-- Work to be completed --
Because the copy must hold no pictures, return the data below with all of its words intact.

Stored data:
[Start of section]

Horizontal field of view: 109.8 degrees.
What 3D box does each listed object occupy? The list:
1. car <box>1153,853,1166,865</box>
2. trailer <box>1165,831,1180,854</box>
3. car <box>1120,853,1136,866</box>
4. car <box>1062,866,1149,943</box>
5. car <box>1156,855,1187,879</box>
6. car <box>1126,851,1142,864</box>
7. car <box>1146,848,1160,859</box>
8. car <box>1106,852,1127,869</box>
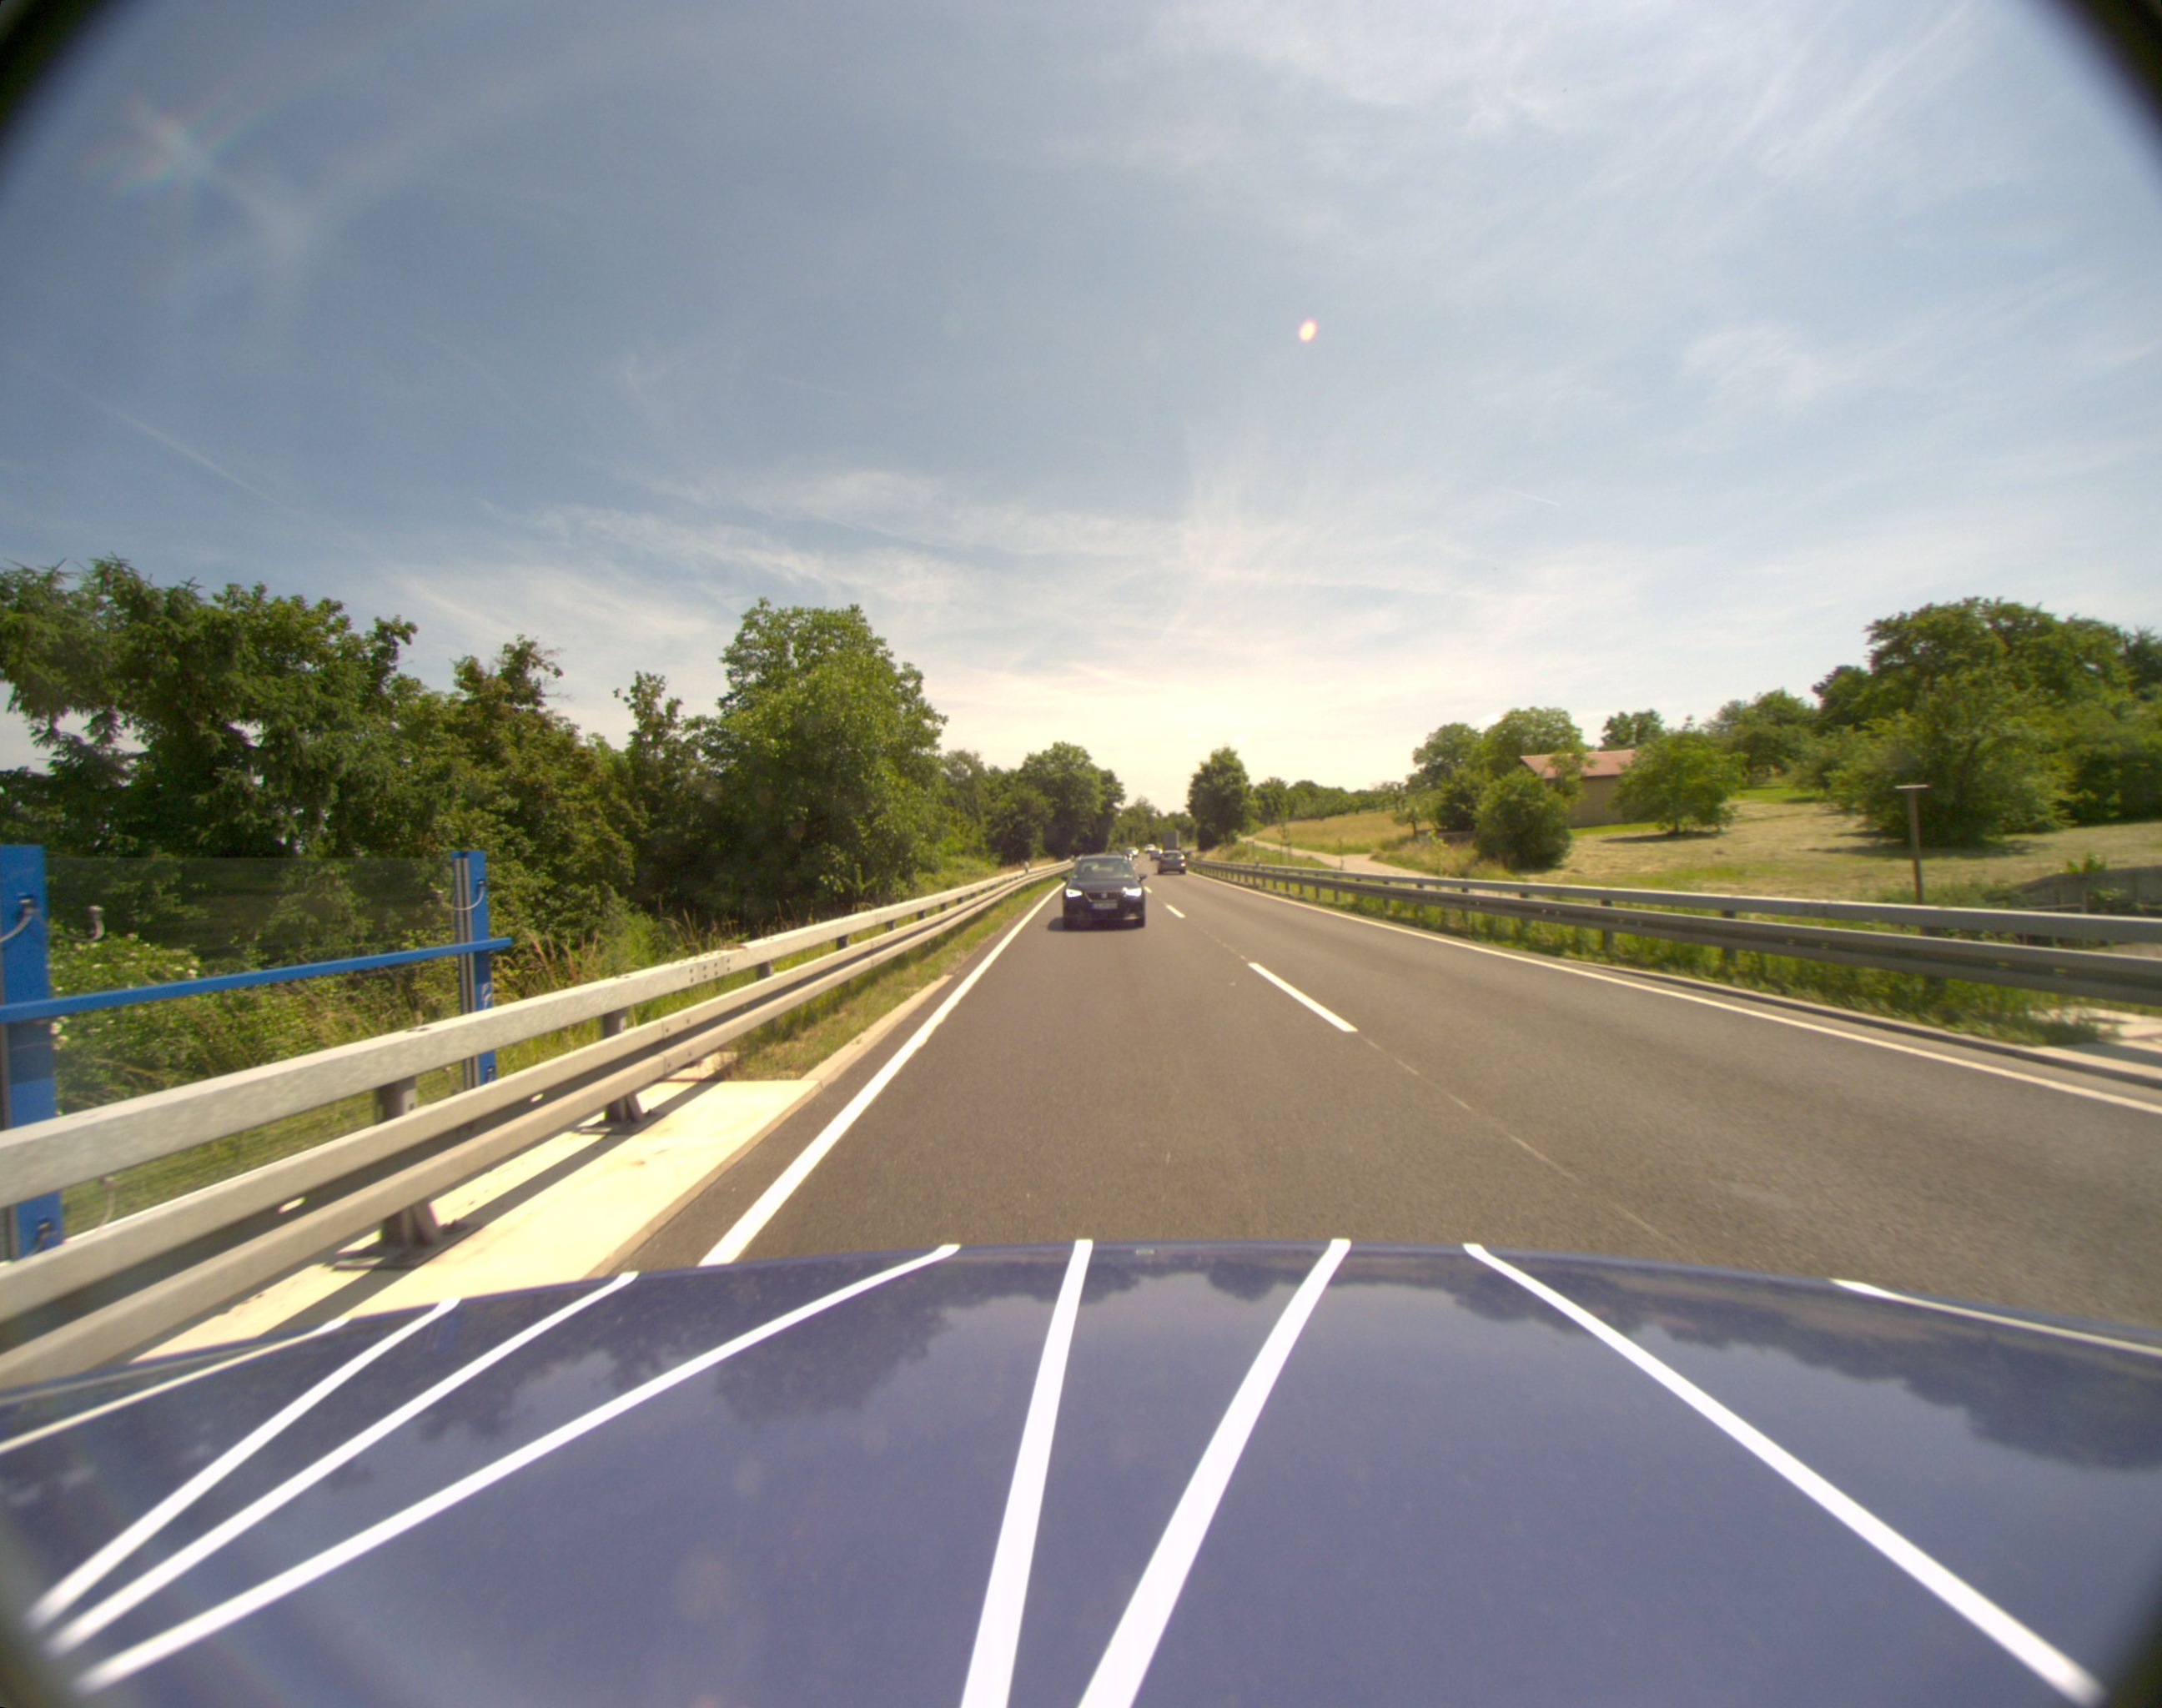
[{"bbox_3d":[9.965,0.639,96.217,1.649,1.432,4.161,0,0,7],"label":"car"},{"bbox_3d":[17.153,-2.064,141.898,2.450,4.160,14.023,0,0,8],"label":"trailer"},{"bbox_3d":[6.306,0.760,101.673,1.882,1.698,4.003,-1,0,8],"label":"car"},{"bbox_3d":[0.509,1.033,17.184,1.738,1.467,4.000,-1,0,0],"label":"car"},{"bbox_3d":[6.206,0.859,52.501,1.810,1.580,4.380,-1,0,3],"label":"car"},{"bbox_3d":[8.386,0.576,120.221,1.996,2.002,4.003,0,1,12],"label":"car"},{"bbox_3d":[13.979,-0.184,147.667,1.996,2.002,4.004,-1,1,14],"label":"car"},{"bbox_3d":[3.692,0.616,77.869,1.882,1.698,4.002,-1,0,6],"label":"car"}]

[End of section]

-- Response --
Horizontal field of view: 109.8 degrees.
What 3D box does each listed object occupy? The list:
1. car <box>1153,853,1166,865</box>
2. trailer <box>1165,831,1180,854</box>
3. car <box>1120,853,1136,866</box>
4. car <box>1062,866,1149,943</box>
5. car <box>1156,855,1187,879</box>
6. car <box>1126,851,1142,864</box>
7. car <box>1146,848,1160,859</box>
8. car <box>1106,852,1127,869</box>
[{"bbox_3d":[9.965,0.639,96.217,1.649,1.432,4.161,0,0,7],"label":"car"},{"bbox_3d":[17.153,-2.064,141.898,2.450,4.160,14.023,0,0,8],"label":"trailer"},{"bbox_3d":[6.306,0.760,101.673,1.882,1.698,4.003,-1,0,8],"label":"car"},{"bbox_3d":[0.509,1.033,17.184,1.738,1.467,4.000,-1,0,0],"label":"car"},{"bbox_3d":[6.206,0.859,52.501,1.810,1.580,4.380,-1,0,3],"label":"car"},{"bbox_3d":[8.386,0.576,120.221,1.996,2.002,4.003,0,1,12],"label":"car"},{"bbox_3d":[13.979,-0.184,147.667,1.996,2.002,4.004,-1,1,14],"label":"car"},{"bbox_3d":[3.692,0.616,77.869,1.882,1.698,4.002,-1,0,6],"label":"car"}]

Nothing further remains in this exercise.